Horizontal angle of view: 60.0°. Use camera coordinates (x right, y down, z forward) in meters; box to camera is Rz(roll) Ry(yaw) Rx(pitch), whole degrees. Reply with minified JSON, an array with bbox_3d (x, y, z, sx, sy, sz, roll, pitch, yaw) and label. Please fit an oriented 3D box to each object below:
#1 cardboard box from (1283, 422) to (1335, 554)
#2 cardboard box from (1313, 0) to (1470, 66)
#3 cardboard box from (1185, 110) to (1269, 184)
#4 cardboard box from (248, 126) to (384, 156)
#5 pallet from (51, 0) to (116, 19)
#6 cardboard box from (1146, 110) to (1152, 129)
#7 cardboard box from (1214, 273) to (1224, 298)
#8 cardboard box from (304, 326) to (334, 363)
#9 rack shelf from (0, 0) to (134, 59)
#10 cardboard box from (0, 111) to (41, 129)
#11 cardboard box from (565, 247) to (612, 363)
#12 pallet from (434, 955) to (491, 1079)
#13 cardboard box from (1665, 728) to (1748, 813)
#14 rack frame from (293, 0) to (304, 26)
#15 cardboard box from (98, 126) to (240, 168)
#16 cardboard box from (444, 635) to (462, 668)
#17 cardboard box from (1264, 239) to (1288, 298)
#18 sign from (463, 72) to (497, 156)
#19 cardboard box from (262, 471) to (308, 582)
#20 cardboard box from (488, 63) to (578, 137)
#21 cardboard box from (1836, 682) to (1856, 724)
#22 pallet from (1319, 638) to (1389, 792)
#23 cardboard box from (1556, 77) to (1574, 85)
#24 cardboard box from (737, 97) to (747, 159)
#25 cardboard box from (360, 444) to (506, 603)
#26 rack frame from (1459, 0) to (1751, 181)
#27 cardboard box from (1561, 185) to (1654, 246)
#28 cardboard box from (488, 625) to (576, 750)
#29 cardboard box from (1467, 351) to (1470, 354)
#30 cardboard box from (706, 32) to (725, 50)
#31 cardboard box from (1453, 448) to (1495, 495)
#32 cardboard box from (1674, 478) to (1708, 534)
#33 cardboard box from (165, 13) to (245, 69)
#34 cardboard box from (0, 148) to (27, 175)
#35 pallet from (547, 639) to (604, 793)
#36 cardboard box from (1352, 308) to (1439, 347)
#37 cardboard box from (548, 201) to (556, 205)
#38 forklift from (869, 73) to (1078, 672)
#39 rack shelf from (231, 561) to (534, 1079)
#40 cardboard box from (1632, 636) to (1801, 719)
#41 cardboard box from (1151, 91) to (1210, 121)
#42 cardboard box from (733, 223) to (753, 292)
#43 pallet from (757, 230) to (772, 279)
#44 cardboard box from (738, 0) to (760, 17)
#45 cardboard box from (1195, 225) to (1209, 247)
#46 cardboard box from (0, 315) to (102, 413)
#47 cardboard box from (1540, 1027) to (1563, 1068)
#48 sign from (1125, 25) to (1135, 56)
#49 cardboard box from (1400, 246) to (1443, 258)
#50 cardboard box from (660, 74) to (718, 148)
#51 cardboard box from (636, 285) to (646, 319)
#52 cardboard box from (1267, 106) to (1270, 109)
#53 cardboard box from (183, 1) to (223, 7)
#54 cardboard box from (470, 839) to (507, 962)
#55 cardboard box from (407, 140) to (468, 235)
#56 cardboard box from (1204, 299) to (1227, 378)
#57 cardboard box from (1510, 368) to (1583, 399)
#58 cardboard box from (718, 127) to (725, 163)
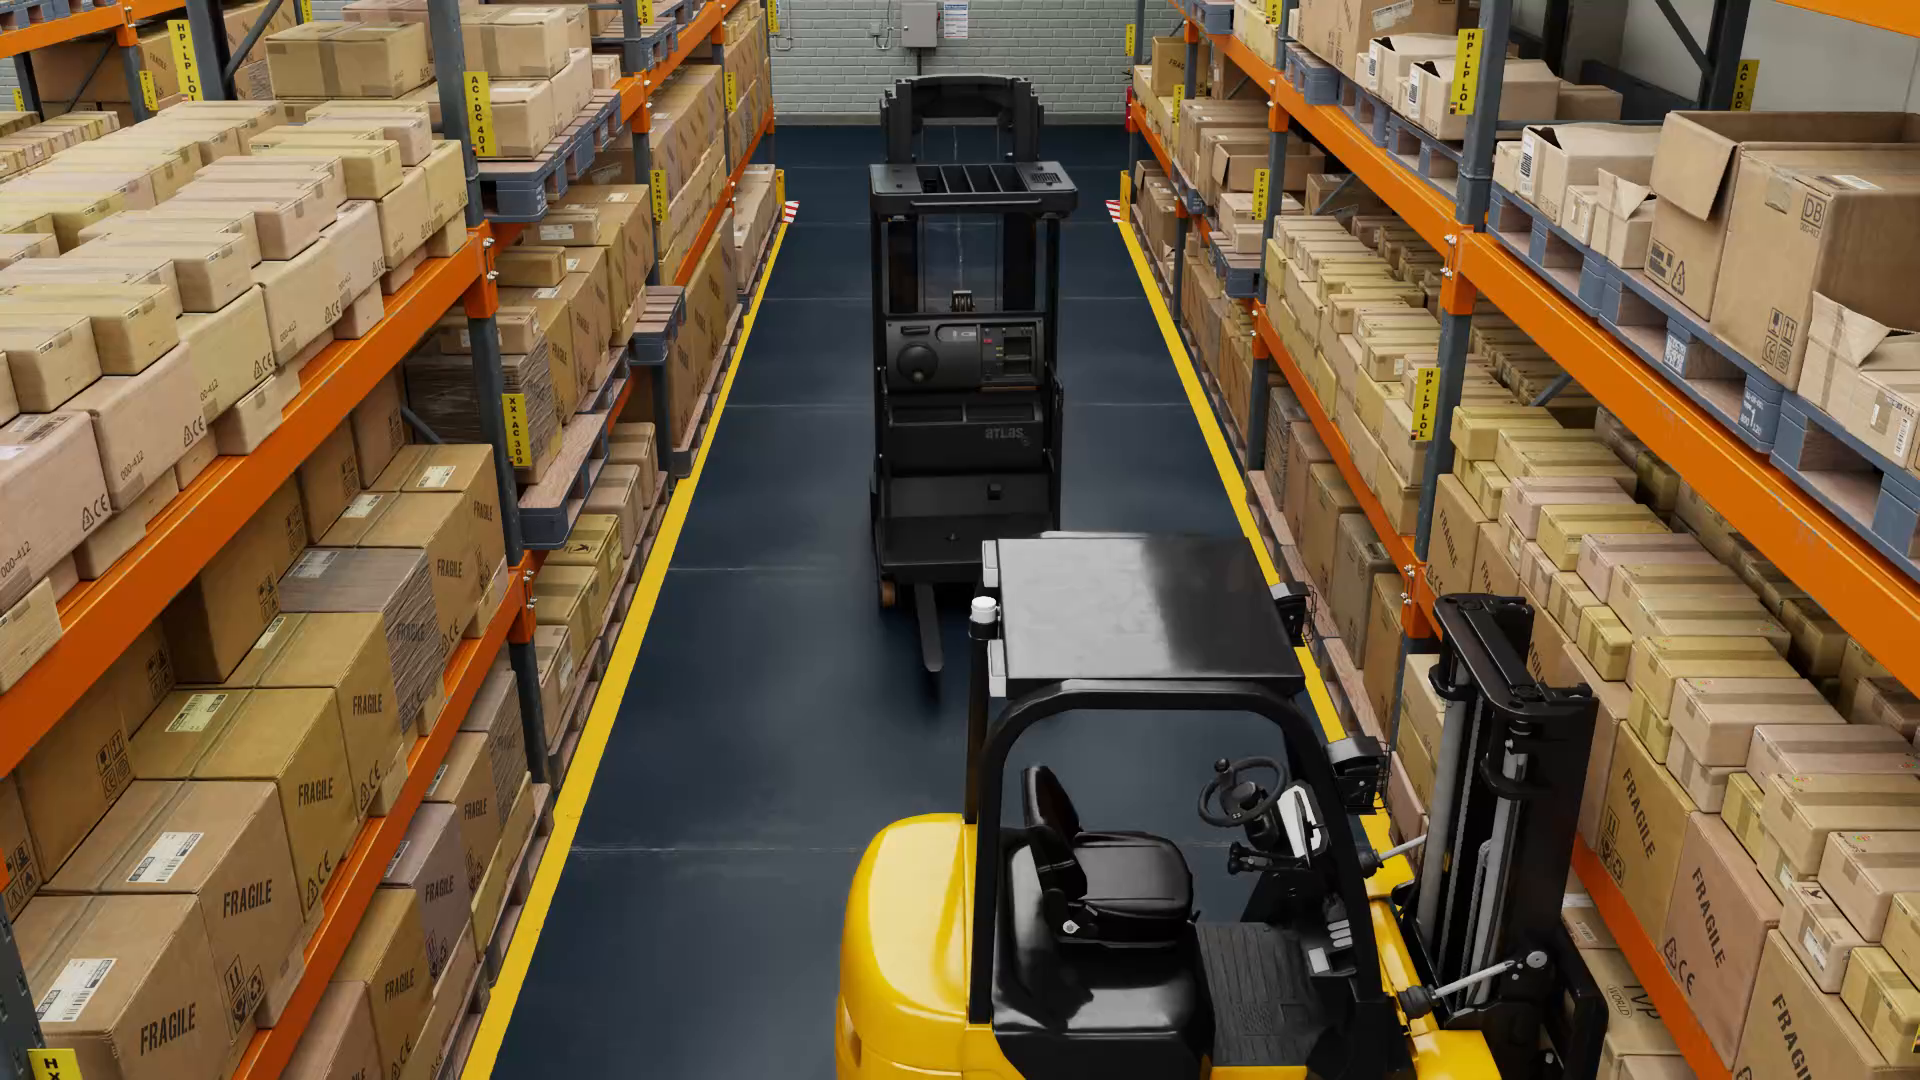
[{"bbox_3d":[2.491,-0.323,10.197,0.875,0.625,0.625,1,24,1],"label":"cardboard box"},{"bbox_3d":[2.353,-2.882,9.091,0.700,0.500,0.500,-1,24,-2],"label":"cardboard box"},{"bbox_3d":[2.227,-3.212,13.580,0.700,0.500,0.500,0,24,0],"label":"cardboard box"},{"bbox_3d":[-2.222,-1.340,5.769,0.380,0.149,0.250,0,24,1],"label":"cardboard box"},{"bbox_3d":[-7.572,-4.327,13.265,1.213,0.211,1.003,0,24,-1],"label":"pallet"},{"bbox_3d":[2.090,-4.255,16.822,0.380,0.149,0.250,-1,24,-2],"label":"cardboard box"},{"bbox_3d":[2.254,-2.050,13.379,0.380,0.149,0.250,1,24,1],"label":"cardboard box"},{"bbox_3d":[-2.213,-0.660,5.235,0.380,0.149,0.250,0,24,1],"label":"cardboard box"},{"bbox_3d":[-7.451,-3.516,12.116,1.077,0.370,4.000,0,24,-1],"label":"rack shelf"},{"bbox_3d":[-7.928,-3.484,13.887,0.380,0.149,0.250,1,24,2],"label":"cardboard box"},{"bbox_3d":[-2.169,-1.257,8.897,0.500,0.500,0.500,-1,24,-3],"label":"cardboard box"},{"bbox_3d":[-2.378,1.983,6.110,1.003,0.211,1.213,0,24,-1],"label":"pallet"},{"bbox_3d":[2.271,0.649,4.766,0.380,0.149,0.250,-1,24,-2],"label":"cardboard box"},{"bbox_3d":[-7.516,-4.949,18.053,1.000,3.000,0.127,0,24,-1],"label":"rack frame"},{"bbox_3d":[-2.734,-1.337,5.763,0.380,0.149,0.250,-1,24,-2],"label":"cardboard box"},{"bbox_3d":[-2.194,0.388,6.557,0.380,0.149,0.250,0,24,0],"label":"cardboard box"},{"bbox_3d":[2.219,-1.716,10.479,0.500,0.250,0.500,0,24,-1],"label":"cardboard box"},{"bbox_3d":[-1.894,-1.676,6.548,0.100,0.325,0.005,0,24,-1],"label":"sign"},{"bbox_3d":[-2.686,-0.105,5.646,0.700,0.500,0.500,-1,24,-2],"label":"cardboard box"},{"bbox_3d":[-2.048,-2.009,7.585,0.500,0.250,0.500,-1,24,-1],"label":"cardboard box"},{"bbox_3d":[2.883,0.544,4.999,0.380,0.149,0.250,1,24,1],"label":"cardboard box"},{"bbox_3d":[2.480,0.875,8.559,1.003,0.211,1.213,0,24,-1],"label":"pallet"},{"bbox_3d":[2.591,-2.035,7.643,0.380,0.149,0.250,0,24,-1],"label":"cardboard box"},{"bbox_3d":[-2.268,-3.812,15.418,0.500,0.500,0.500,0,24,0],"label":"cardboard box"},{"bbox_3d":[-2.183,-0.067,6.776,0.500,0.500,0.500,-1,24,-2],"label":"cardboard box"},{"bbox_3d":[2.527,-2.825,6.077,1.000,3.000,0.127,0,24,-1],"label":"rack frame"},{"bbox_3d":[2.237,-1.078,5.528,0.380,0.149,0.250,0,24,1],"label":"cardboard box"},{"bbox_3d":[-2.445,0.722,8.194,0.950,0.372,0.625,0,24,0],"label":"cardboard box"},{"bbox_3d":[2.788,-0.880,8.632,0.500,0.250,0.500,-1,24,-2],"label":"cardboard box"},{"bbox_3d":[-2.287,-4.398,14.713,0.380,0.149,0.250,0,24,0],"label":"cardboard box"},{"bbox_3d":[2.267,-0.301,6.866,0.380,0.149,0.250,-1,24,-1],"label":"cardboard box"},{"bbox_3d":[2.875,-0.123,6.113,0.380,0.149,0.250,-1,24,-2],"label":"cardboard box"},{"bbox_3d":[-7.233,-4.757,15.933,0.500,0.500,0.500,-1,24,-2],"label":"cardboard box"},{"bbox_3d":[-7.255,-2.836,12.454,0.380,0.149,0.250,-1,24,-1],"label":"cardboard box"},{"bbox_3d":[-2.446,0.882,8.545,1.003,0.211,1.213,0,24,-1],"label":"pallet"},{"bbox_3d":[2.258,-1.099,8.632,0.380,0.149,0.250,0,24,0],"label":"cardboard box"},{"bbox_3d":[-2.707,-1.902,10.324,0.500,0.500,0.500,-1,24,-2],"label":"cardboard box"},{"bbox_3d":[0.050,-1.078,9.577,1.130,2.935,3.031,-2,24,-4],"label":"forklift"},{"bbox_3d":[-2.415,1.084,5.587,1.077,0.370,4.000,0,24,-1],"label":"rack shelf"},{"bbox_3d":[2.242,0.407,4.940,0.380,0.149,0.250,0,24,0],"label":"cardboard box"},{"bbox_3d":[2.173,-4.289,16.413,0.500,0.250,0.500,-1,24,-2],"label":"cardboard box"},{"bbox_3d":[-2.423,-2.648,15.564,0.875,0.438,0.875,-1,24,-1],"label":"cardboard box"},{"bbox_3d":[-2.470,-2.912,16.932,1.003,0.211,1.213,0,24,-1],"label":"pallet"},{"bbox_3d":[-2.249,-5.452,17.043,0.380,0.149,0.250,0,24,-1],"label":"cardboard box"},{"bbox_3d":[2.228,-2.616,14.270,0.380,0.149,0.250,-1,24,-3],"label":"cardboard box"},{"bbox_3d":[-2.152,-0.390,3.669,0.380,0.149,0.250,0,24,-1],"label":"cardboard box"},{"bbox_3d":[2.231,1.771,5.414,0.500,0.250,0.500,-1,24,-2],"label":"cardboard box"},{"bbox_3d":[1.853,-5.429,18.063,0.100,0.325,0.005,0,24,-1],"label":"sign"},{"bbox_3d":[2.818,-1.633,9.812,0.380,0.149,0.250,-1,24,-2],"label":"cardboard box"},{"bbox_3d":[-2.255,-3.470,13.447,0.500,0.500,0.500,0,24,0],"label":"cardboard box"},{"bbox_3d":[-2.118,-1.446,10.101,0.380,0.149,0.250,0,24,-1],"label":"cardboard box"},{"bbox_3d":[2.692,-3.868,15.483,0.500,0.250,0.500,0,24,-1],"label":"cardboard box"},{"bbox_3d":[-7.765,-5.192,16.893,0.500,0.500,0.500,0,24,1],"label":"cardboard box"},{"bbox_3d":[-2.145,1.455,6.720,0.500,0.250,0.500,-1,24,-2],"label":"cardboard box"},{"bbox_3d":[-2.162,-1.321,6.211,0.500,0.250,0.500,0,24,-1],"label":"cardboard box"},{"bbox_3d":[2.236,-1.602,13.175,0.500,0.500,0.500,-1,24,-2],"label":"cardboard box"},{"bbox_3d":[2.787,-0.690,7.726,0.380,0.149,0.250,-1,24,-2],"label":"cardboard box"},{"bbox_3d":[-2.276,-3.344,14.078,0.500,0.250,0.500,0,24,-1],"label":"cardboard box"}]
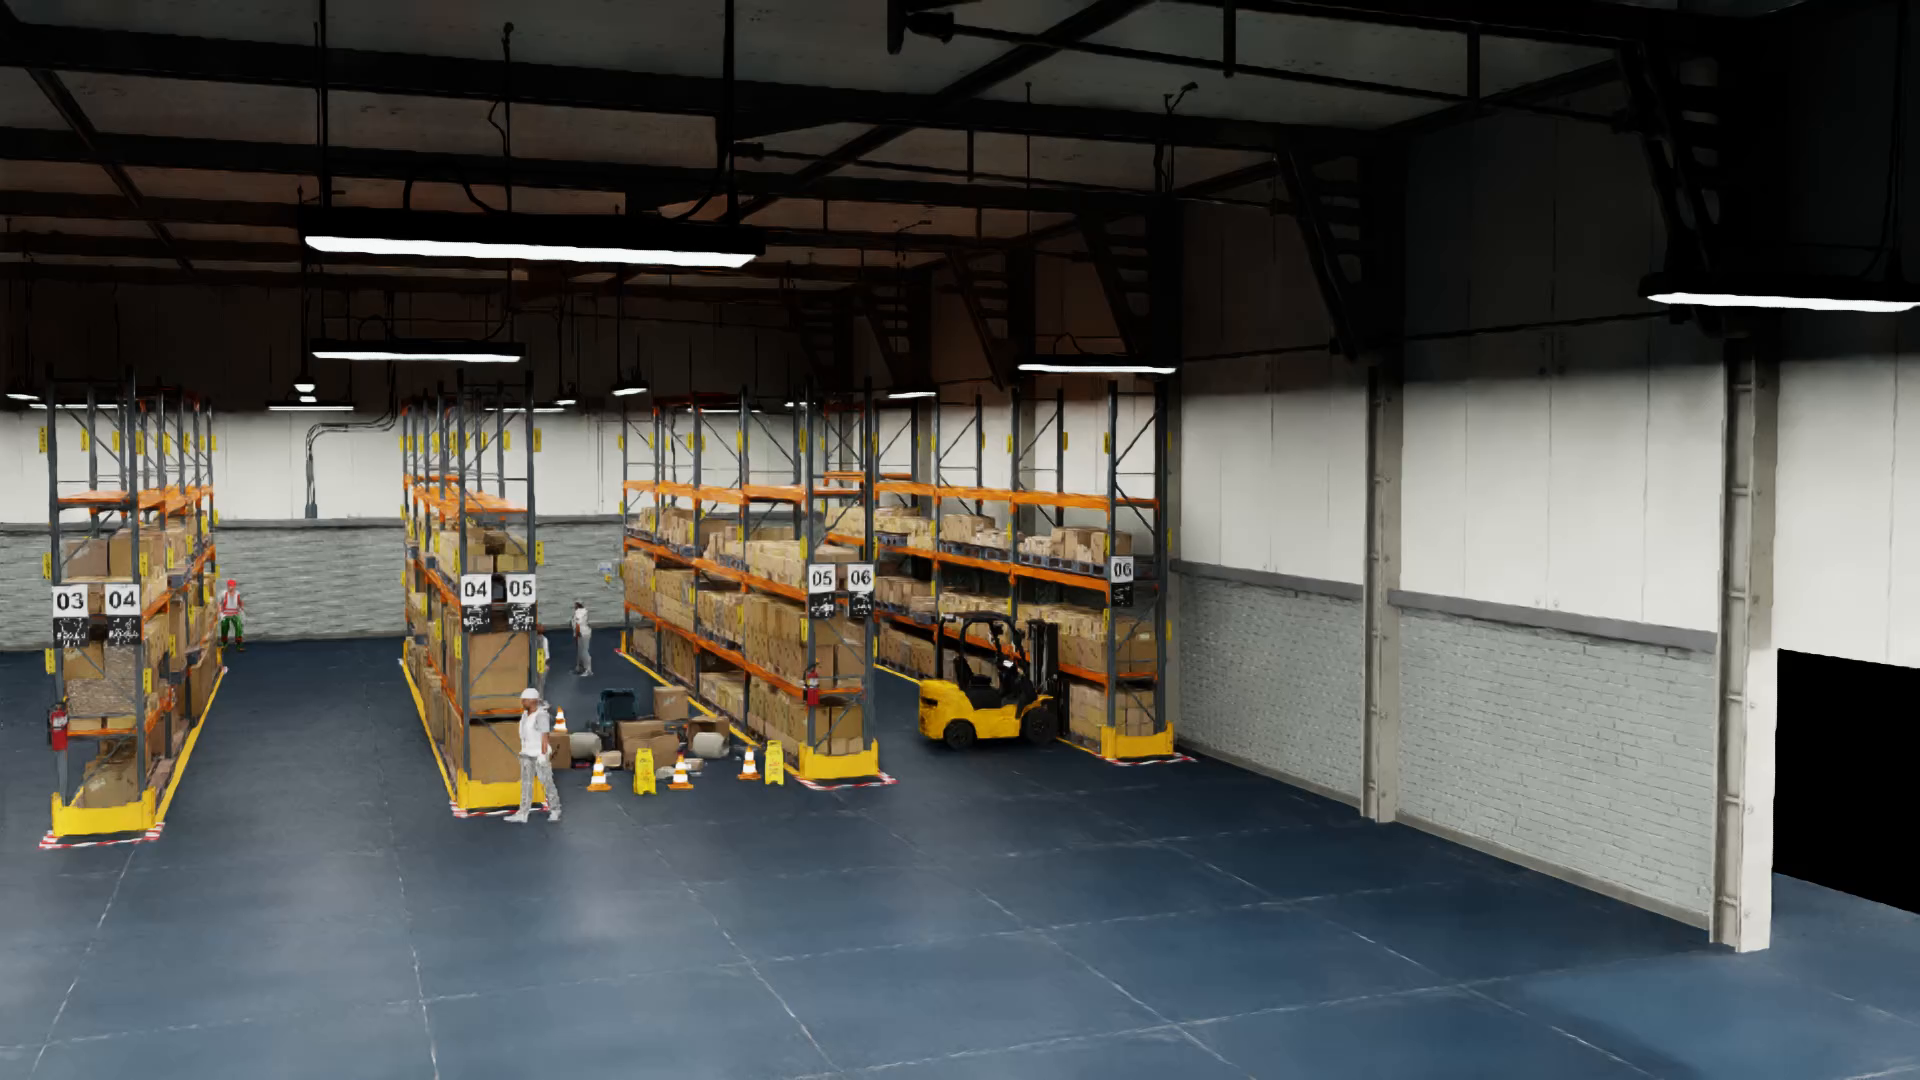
════════════════
→ What is needed
What is asked for is an exact copy of the lines above from the one containing "#32 cardboard box" through the one containing "#57 cardboard box", and only those.

→ Reply to the task
#32 cardboard box from (1674, 478) to (1708, 534)
#33 cardboard box from (165, 13) to (245, 69)
#34 cardboard box from (0, 148) to (27, 175)
#35 pallet from (547, 639) to (604, 793)
#36 cardboard box from (1352, 308) to (1439, 347)
#37 cardboard box from (548, 201) to (556, 205)
#38 forklift from (869, 73) to (1078, 672)
#39 rack shelf from (231, 561) to (534, 1079)
#40 cardboard box from (1632, 636) to (1801, 719)
#41 cardboard box from (1151, 91) to (1210, 121)
#42 cardboard box from (733, 223) to (753, 292)
#43 pallet from (757, 230) to (772, 279)
#44 cardboard box from (738, 0) to (760, 17)
#45 cardboard box from (1195, 225) to (1209, 247)
#46 cardboard box from (0, 315) to (102, 413)
#47 cardboard box from (1540, 1027) to (1563, 1068)
#48 sign from (1125, 25) to (1135, 56)
#49 cardboard box from (1400, 246) to (1443, 258)
#50 cardboard box from (660, 74) to (718, 148)
#51 cardboard box from (636, 285) to (646, 319)
#52 cardboard box from (1267, 106) to (1270, 109)
#53 cardboard box from (183, 1) to (223, 7)
#54 cardboard box from (470, 839) to (507, 962)
#55 cardboard box from (407, 140) to (468, 235)
#56 cardboard box from (1204, 299) to (1227, 378)
#57 cardboard box from (1510, 368) to (1583, 399)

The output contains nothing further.